Information Theoretic Similarity (GO-ITS)
We calculated the similarity between GO-BP terms using Jiang’s information theoretic similarity [26] that ranges from 0 (no similarity) to 1 (perfect match). We have previously shown that a GO-ITS score ≥ 0.7 robustly corresponds to highly similar GO terms using different computational biological validations: protein interaction [27, 28], human genetics [29], and Genome-Wide Association Studies [30]. GO-ITS was calculated on each distinct pair among the 3234 GO terms of size ≥15 and ≤500, leading to 10,458,756 pairs of which 59,577 have a GO-ITS ≥ 0.7 (≈5.6 out of 1,000).

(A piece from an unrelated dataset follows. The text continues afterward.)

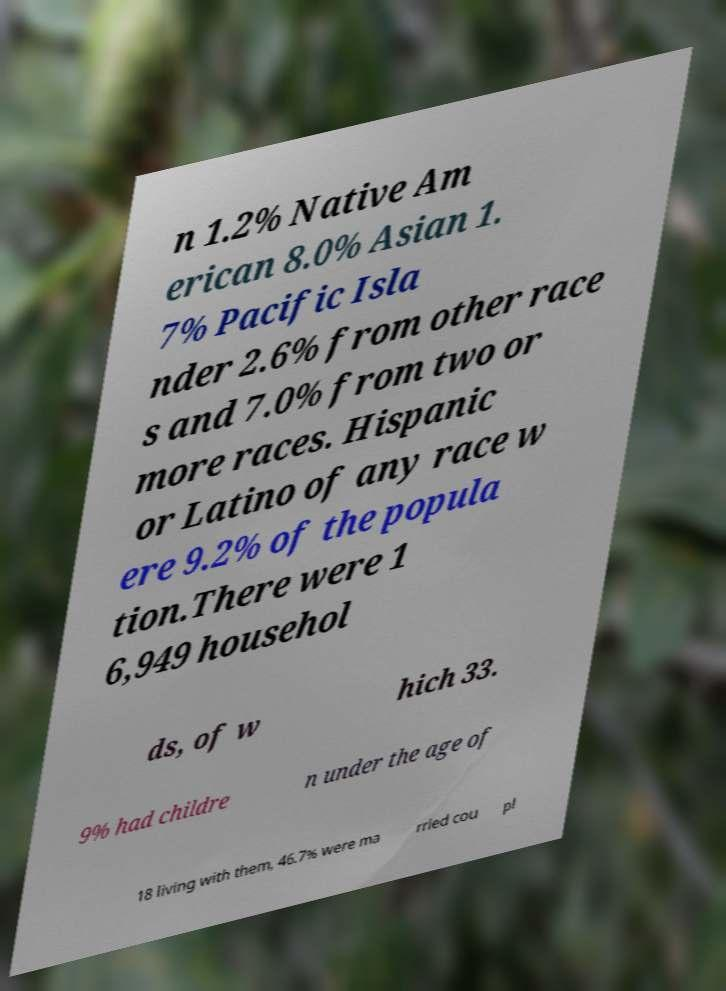Can you read and provide the text displayed in the image?This photo seems to have some interesting text. Can you extract and type it out for me? n 1.2% Native Am erican 8.0% Asian 1. 7% Pacific Isla nder 2.6% from other race s and 7.0% from two or more races. Hispanic or Latino of any race w ere 9.2% of the popula tion.There were 1 6,949 househol ds, of w hich 33. 9% had childre n under the age of 18 living with them, 46.7% were ma rried cou pl 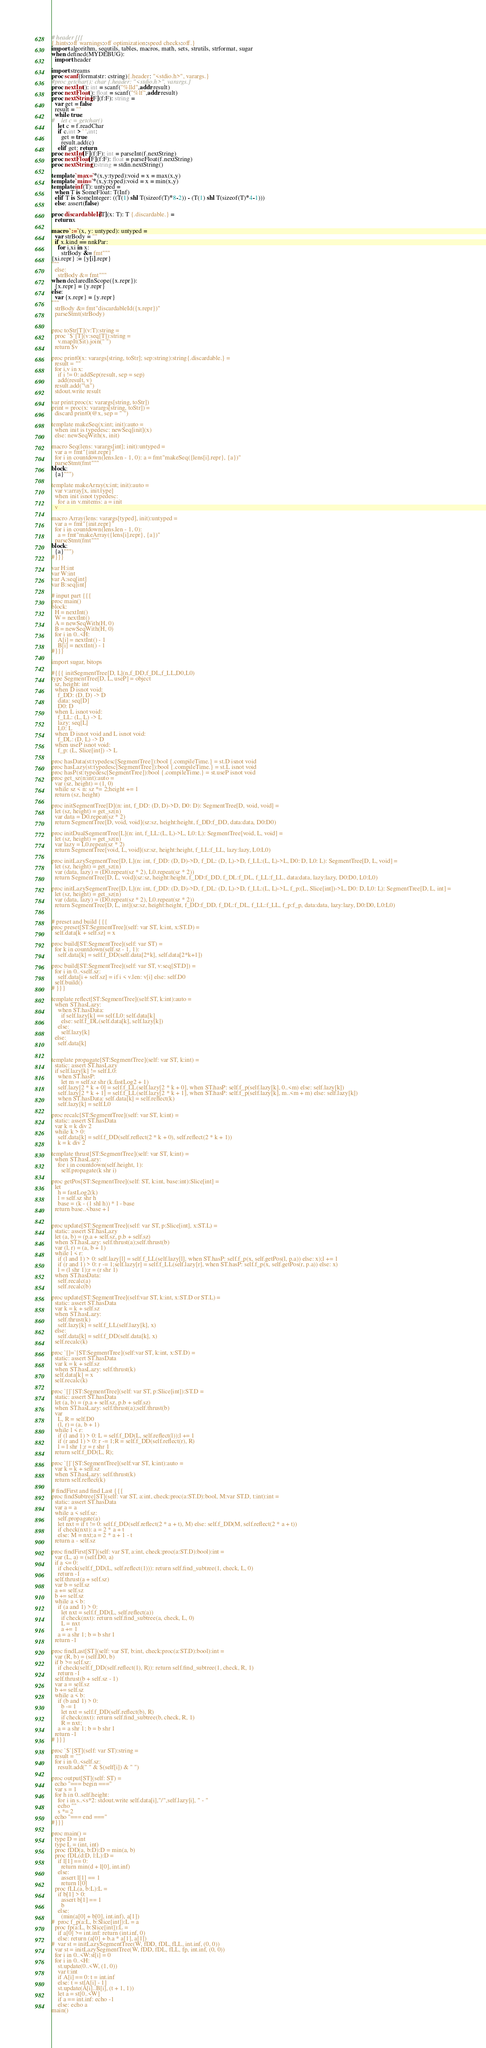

Novel Similarity Venn Diagram
In order to compare the different list of dysregulated GO-BP terms, we computed uncommon Venn Diagrams. Since every two GO-BP terms possess a measurable degree of similarity (see GO-ITS definition), it is possible to compare the two sets not only by direct overlap but also by degree of similarity. For each Similarity Venn Diagram, we calculated the number of GO-BP terms similar to each of the two sets using a strong similarity GO-ITS threshold ≥ 0.7 (≈0.0056 pairs of all GO terms pairs meet this stringent criteria). This leads, for each Similarity Venn Diagram, to two additional values: the number of pathways (i) belonging to the set A and similar to the set B and (ii) vice-versa. If we take only the intersection of those two sets, we obtain the traditional Venn Diagram overlap. Of note, this technique may be extended to as many sets as needed, and different representations can be used. Figure 1 shows three possible representations of those Novel Similarity Venn Diagrams, the first one (Panel A) being the one we chose for this paper, because of its practicality for two sets studies. The source code and GO-GO similarity matrix used for computing the Similarity Venn Diagrams in this manuscript are available at http://lussierlab.org/publications/SimilarityVenn.
Figure 1. Similarity Venn Diagrams.
This Figure shows three possible representations of Similarity Venn Diagrams. Panels A and B are an extension of the traditional Venn Diagram representation. They contain the same overlapping number of entities in the middle and also two extra numbers describing the similarity of each set to the other. This similarity depends on a threshold chose for assessing two entities to be significantly similar (in the following paper, we chose GO-ITS ≥ 0.7). While Panel A is the most ergonomic representation with 2 sets, Panels B and C are easier to represent and apprehend in higher dimensions (see Supp. Figure S1 for a few possible extensions with 3 sets). Panel C is the simplest representation overall, but merges the overlap with the similarity, which displays less information.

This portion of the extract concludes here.